Да и зачем ей кто-то вообще нужен? Муж был, дети были, друзья были. И почему были? Они и есть, только сами по себе. Оставили Верочку, наконец-то, в покое, в пасмурном сумеречье двухкомнатной квартиры на одну. Есть кошечка Муська - партнерша и домовладелица. Есть соседка Зинаида Валерьевна, которая носит Верочке вкуснющие пироги и тортики поболтать на кухне о том, о сём, обсудить нового градоначальника, жэкэха и последние сорта помидор. И как это у нее так ладно получаются торты? Есть и Павел Витальевич. Почему бы и не быть ему в вериной жизни, хоть иногда?

Как хорошо, что она купила Завтрак. Три пятнистых головы, писанные пастелью, на стене в рамке. И кто бы знал, что жизнь может так преобразиться? "Это переворот", - думала Вера Семеновна, улыбаясь сама себе. "Это же революция!" - радость открытия щекотала пятки, и Вера летала по квартире, подпевая виниловому Тото Кутуньо, чей голос приятно потрескивал каждый раз, когда игла проигрывателя цеплялась за комочки пыли на пластинке. "Надо желтенькие, солнечные, или лучше цвета зелени!"

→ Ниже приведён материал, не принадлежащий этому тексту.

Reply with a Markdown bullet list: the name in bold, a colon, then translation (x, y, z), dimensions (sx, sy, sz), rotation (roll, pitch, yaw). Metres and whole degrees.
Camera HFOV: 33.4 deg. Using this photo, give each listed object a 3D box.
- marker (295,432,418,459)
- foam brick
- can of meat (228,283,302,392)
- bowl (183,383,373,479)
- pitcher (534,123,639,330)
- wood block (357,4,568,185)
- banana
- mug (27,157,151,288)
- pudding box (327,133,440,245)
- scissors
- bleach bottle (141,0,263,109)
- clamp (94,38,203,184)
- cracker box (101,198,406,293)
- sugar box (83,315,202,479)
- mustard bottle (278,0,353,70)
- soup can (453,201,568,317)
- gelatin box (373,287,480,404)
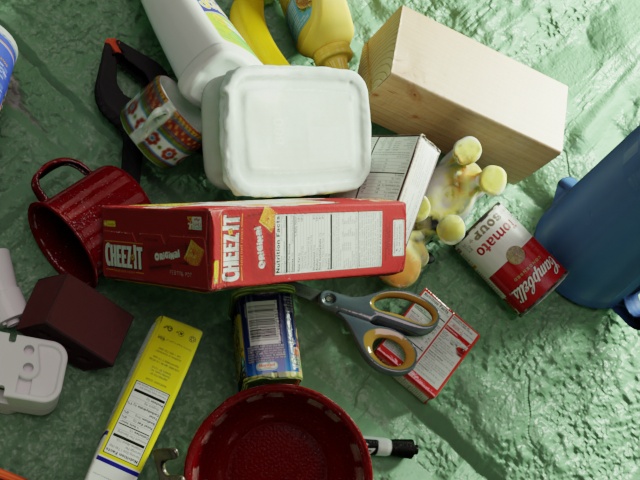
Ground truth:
- **marker**: translation (0.034, 0.189, 0.991), dimensions (0.121, 0.020, 0.020), rotation (8, 65, -14)
- **foam brick**: translation (-0.213, 0.071, 0.927), dimensions (0.078, 0.053, 0.051), rotation (38, 58, -30)
- **can of meat**: translation (-0.050, 0.094, 0.959), dimensions (0.057, 0.102, 0.084), rotation (-4, 71, -9)
- **bowl**: translation (-0.037, 0.205, 0.925), dimensions (0.162, 0.055, 0.162), rotation (0, 84, -3)
- **pitcher**: translation (0.319, -0.023, 1.048), dimensions (0.149, 0.243, 0.145), rotation (26, 65, 1)
- **wood block**: translation (0.146, -0.147, 1.115), dimensions (0.205, 0.090, 0.090), rotation (21, 62, -18)
- **banana**: translation (-0.053, -0.197, 1.090), dimensions (0.069, 0.037, 0.198), rotation (-3, 53, -23)
- **mug**: translation (-0.211, -0.024, 0.965), dimensions (0.081, 0.093, 0.117), rotation (-39, 88, -33)
- **pudding box**: translation (0.055, -0.047, 1.028), dimensions (0.039, 0.090, 0.113), rotation (37, 66, -44)
- **scissors**: translation (0.013, 0.076, 1.015), dimensions (0.201, 0.016, 0.096), rotation (7, 60, -2)
- **bleach bottle**: translation (-0.138, -0.230, 1.058), dimensions (0.102, 0.068, 0.251), rotation (25, 28, -54)
- **clamp**: translation (-0.161, -0.123, 1.054), dimensions (0.120, 0.039, 0.171), rotation (-14, 79, -30)
- **cracker box**: translation (-0.056, 0.001, 0.924), dimensions (0.213, 0.164, 0.072), rotation (-4, 94, -41)
- **sugar box**: translation (-0.157, 0.158, 0.901), dimensions (0.048, 0.093, 0.176), rotation (23, 63, -7)
- **mustard bottle**: translation (-0.009, -0.252, 1.125), dimensions (0.058, 0.096, 0.192), rotation (-12, 72, -23)
- **soup can**: translation (0.193, 0.019, 1.089), dimensions (0.102, 0.069, 0.068), rotation (47, 62, 6)
- **gelatin box**: translation (0.103, 0.103, 1.045), dimensions (0.073, 0.030, 0.089), rotation (40, 62, 3)

И снова полетели смс с приглашениями на пироги, приготовленные радушной соседкой, с чаем - это уже у Веры. Старые обои содраны и раскромсаны, сброшены в мусорный ящик. Новые витиеватые узоры расцветили верочкин уют, на кухне появились винтажные баночки, которые наполнялись разноцветными крупами и специями, морскими ракушками и высушенными цветами - очаровательно. Ароматные свечи были предусмотрительно расставлены по комнатам, мягкие подушки радужных расцветок прикрывали все непривлекательные углы в доме.



Павел Витальевич тоже пришел, благоухающий и аккуратный. Он загадочно посматривал на Верочку, попивая ароматный сладкий чай из новых чашек. "Ох, не для него ли были они куплены, Вера? Ох, потеряла ты голову", - нашептывали буренки на стене, чопорно поводя ушами. Коллеги шумно пробежались по комнатам, щупая, обсуждая, хваля и восхищаясь, пробуя на ощупь и порой на зуб.

"Вера Семеновна, вы такая мастерица".

"Верочка, обязательно научите меня, или хотя бы выкройку, выкройку мне".

"Вера просто волшебница! Ведь вы поможете мне навести такую же красоту в моем доме, правда?" - и Вера уже не стесняясь краснеет, кокетливо отбрасывая локоны с лица, и укоризненно улыбается завтраку на стене. Почему бы Вере Семеновне и не быть женщиной? Почему бы не радоваться жизни?

Когда все, сытные и довольные, лениво разошлись по домам, Павел Витальевич, приобняв Верочку, провел ее через парк под цветущими яблонями к своей машине, а потом они прокатились по темнеющим улицам к нему домой. Вера все мастерски, со знанием дела и женской заботой устроила и объяснила, где и как поставить-повесить-подвинуть, чтобы в доме холостяка начальника был достаток и мир, любовь и... Вера упала на мягкие подушки и растаяла от крепких, настойчивых объятий почти не сопротивляясь.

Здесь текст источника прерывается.